This paper is devoted to the analytical study of the long-time asymptotic behavior of solutions to the Cauchy problem of a system of conservation laws in one space dimension, which is derived from a repulsive chemotaxis model with singular sensitivity and nonlinear chemical production rate. Assuming the $ H^2 $-norm of the initial perturbation around a constant ground state is finite and using energy methods, we show that there exists a unique global-in-time solution to the Cauchy problem, and the constant ground state is globally asymptotically stable.
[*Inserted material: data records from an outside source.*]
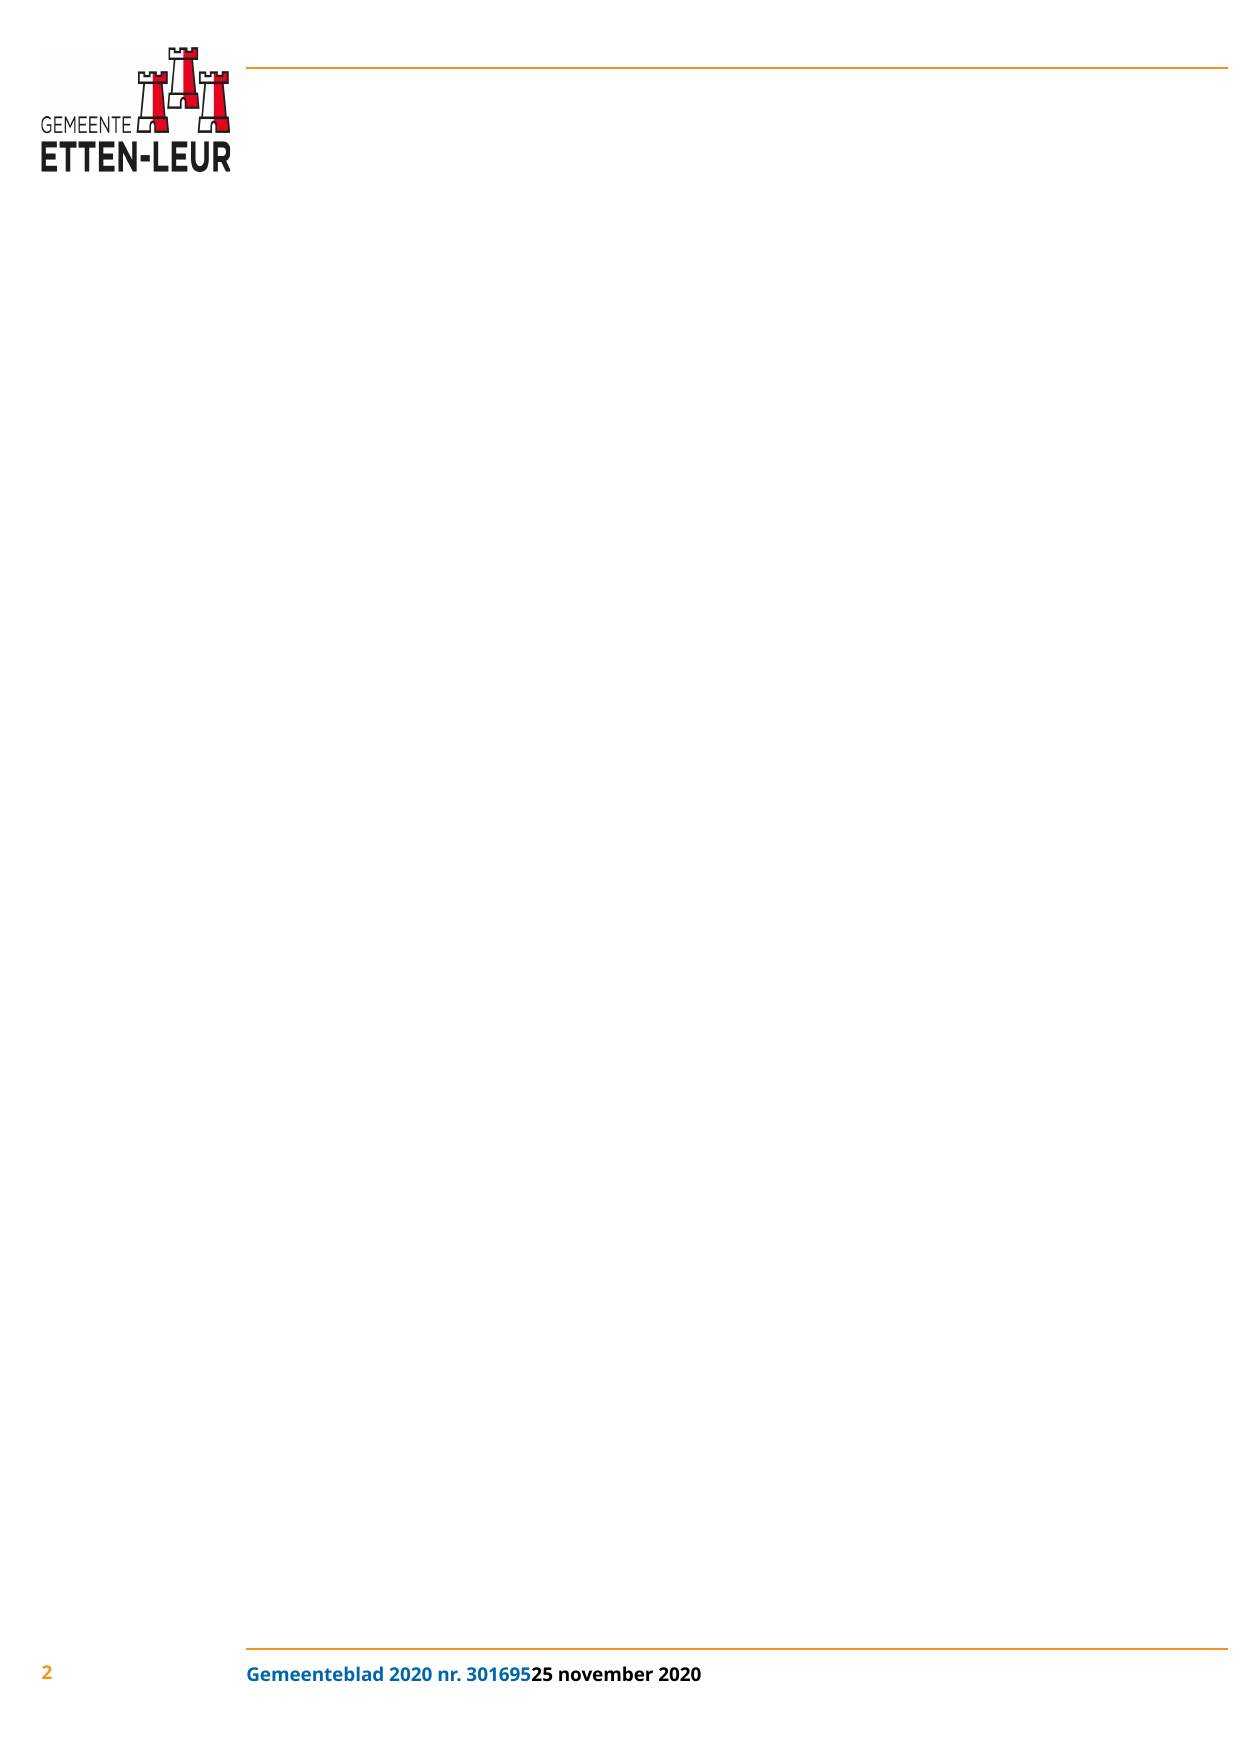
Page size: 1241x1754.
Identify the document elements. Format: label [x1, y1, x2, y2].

picture [41, 47, 231, 172]
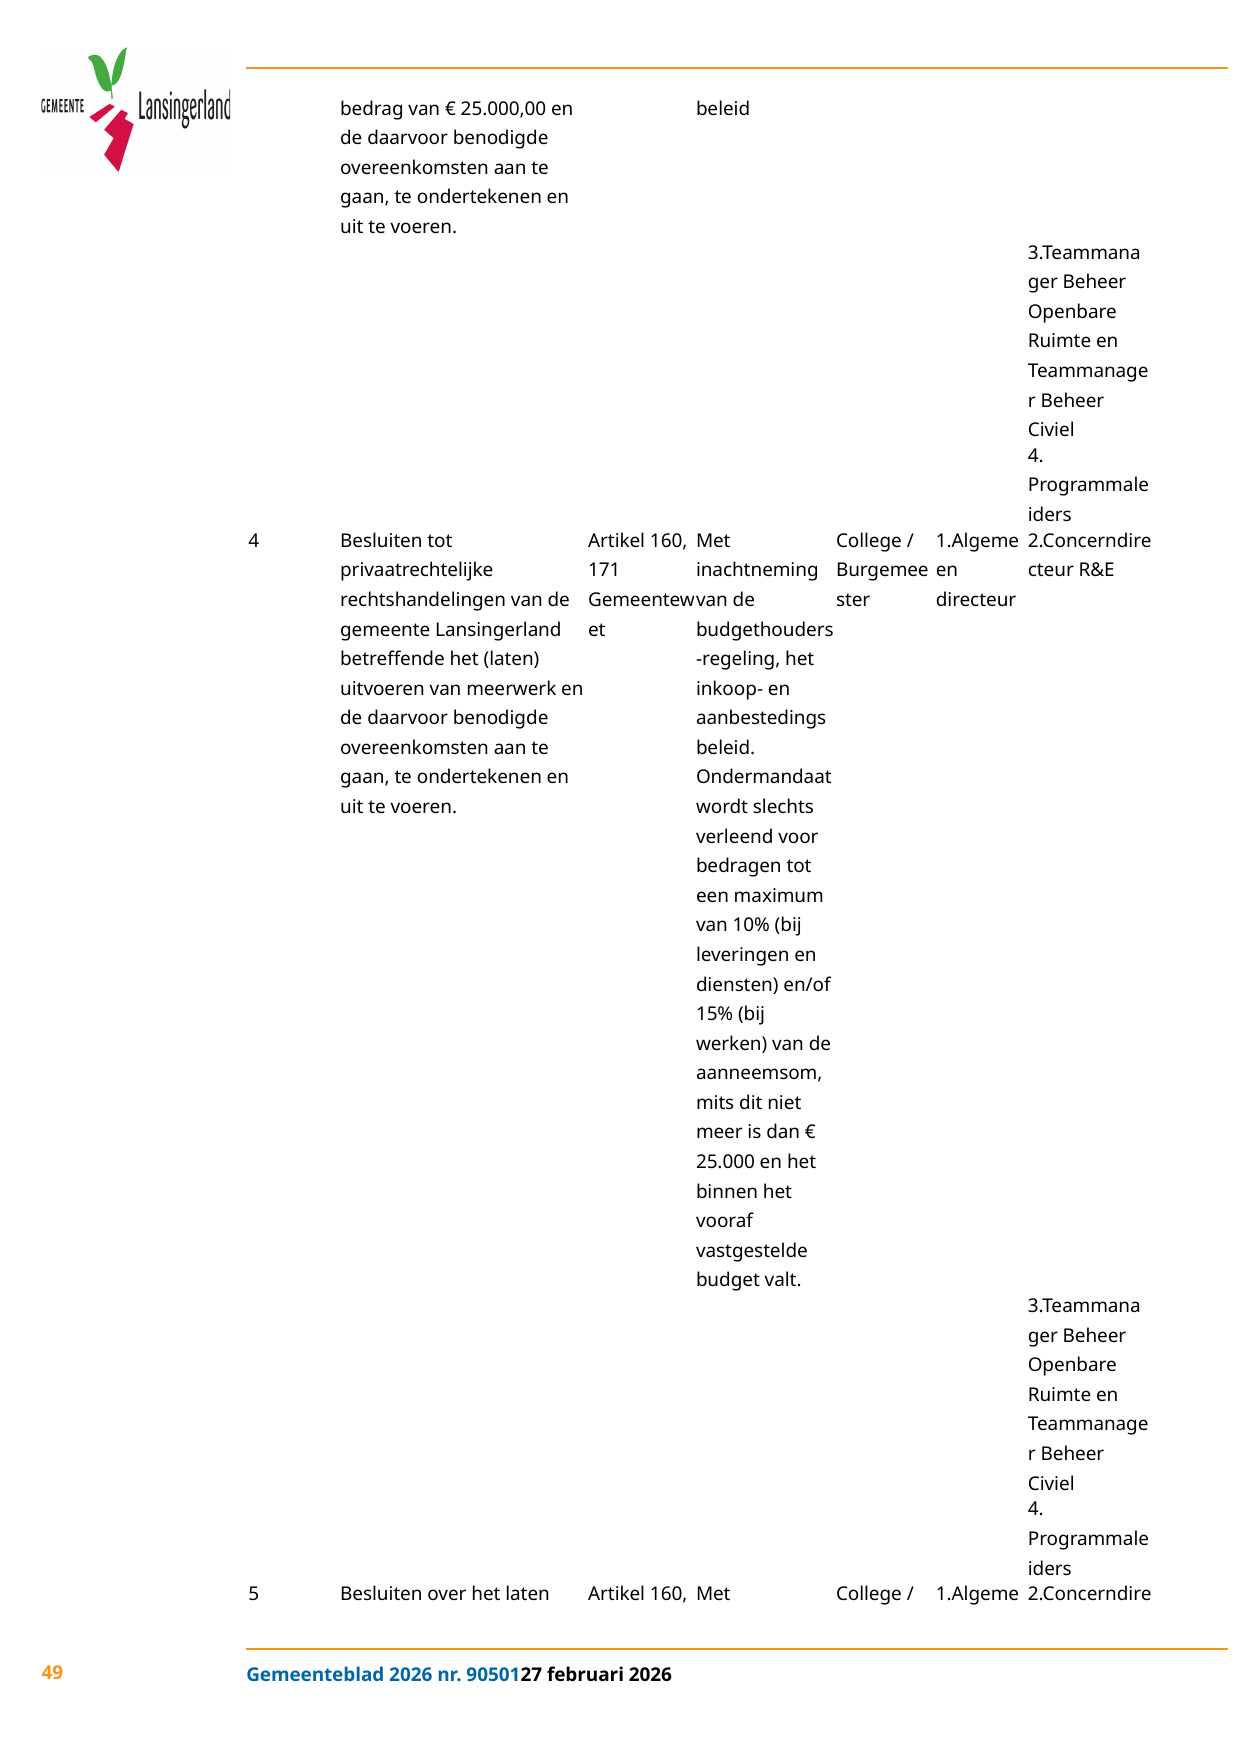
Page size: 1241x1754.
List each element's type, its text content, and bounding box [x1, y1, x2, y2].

table_cell [936, 95, 1028, 239]
table_cell [696, 239, 836, 442]
table_cell [588, 239, 696, 442]
table_cell [696, 1496, 836, 1580]
table_cell [340, 1292, 588, 1496]
table_cell [1028, 95, 1152, 239]
table_cell [936, 442, 1028, 527]
table_cell 2.Concerndire [1028, 1580, 1152, 1606]
table_cell [588, 95, 696, 239]
table_cell Met [696, 1580, 836, 1606]
table_cell [836, 239, 936, 442]
table_cell [836, 1496, 936, 1580]
table_cell 1.Algeme [936, 1580, 1028, 1606]
table_cell [696, 1292, 836, 1496]
table_cell 1.Algemeen directeur [936, 527, 1028, 1292]
table_cell beleid [696, 95, 836, 239]
table_cell 2.Concerndirecteur R&E [1028, 527, 1152, 1292]
table_cell [588, 442, 696, 527]
table_cell [588, 1292, 696, 1496]
table_cell [248, 1292, 340, 1496]
table_cell 5 [248, 1580, 340, 1606]
table_cell 3.Teammanager Beheer Openbare Ruimte en Teammanager Beheer Civiel [1028, 1292, 1152, 1496]
table_cell College / [836, 1580, 936, 1606]
table_cell [696, 442, 836, 527]
table_cell [936, 239, 1028, 442]
table_cell [340, 239, 588, 442]
table_cell [340, 442, 588, 527]
table_cell Besluiten tot privaatrechtelijke rechtshandelingen van de gemeente Lansingerland betreffende het (laten) uitvoeren van meerwerk en de daarvoor benodigde overeenkomsten aan te gaan, te ondertekenen en uit te voeren. [340, 527, 588, 1292]
table_cell Artikel 160, 171 Gemeentewet [588, 527, 696, 1292]
table_cell [248, 1496, 340, 1580]
table_cell [936, 1496, 1028, 1580]
table_cell [340, 1496, 588, 1580]
table_cell [836, 442, 936, 527]
table_cell [836, 95, 936, 239]
table_cell [836, 1292, 936, 1496]
table_cell [248, 239, 340, 442]
picture [41, 47, 231, 172]
table_cell 4 [248, 527, 340, 1292]
table_cell bedrag van € 25.000,00 en de daarvoor benodigde overeenkomsten aan te gaan, te ondertekenen en uit te voeren. [340, 95, 588, 239]
table_cell 4. Programmaleiders [1028, 1496, 1152, 1580]
table_cell [588, 1496, 696, 1580]
table_cell [936, 1292, 1028, 1496]
table_cell [248, 95, 340, 239]
table_cell Artikel 160, [588, 1580, 696, 1606]
table_cell Met inachtneming van de budgethouders-regeling, het inkoop- en aanbestedingsbeleid. Ondermandaat wordt slechts verleend voor bedragen tot een maximum van 10% (bij leveringen en diensten) en/of 15% (bij werken) van de aanneemsom, mits dit niet meer is dan € 25.000 en het binnen het vooraf vastgestelde budget valt. [696, 527, 836, 1292]
table_cell 4. Programmaleiders [1028, 442, 1152, 527]
table_cell 3.Teammanager Beheer Openbare Ruimte en Teammanager Beheer Civiel [1028, 239, 1152, 442]
table_cell Besluiten over het laten [340, 1580, 588, 1606]
table_cell College / Burgemeester [836, 527, 936, 1292]
table_cell [248, 442, 340, 527]

In addition, the explicit decay rates of the solutions to the chemically diffusive and non-diffusive models are identified under different exponent ranges of the nonlinear chemical production function.

中文翻译：

---

趋化性守恒律系统的渐近动力学

本文致力于一维空间守恒律系统柯西问题解的长期渐近行为的分析研究，该问题来自具有奇异敏感性和非线性化学生产率的排斥趋化模型。假设围绕恒定基态的初始扰动的$ H ^ 2 $范数是有限的，并且使用能量方法，我们证明了柯西问题存在唯一的全局及时解，并且恒定基态是全局的渐近稳定。另外，在非线性化学生产函数的不同指数范围内，确定了化学扩散模型和非扩散模型的解的显式衰减率。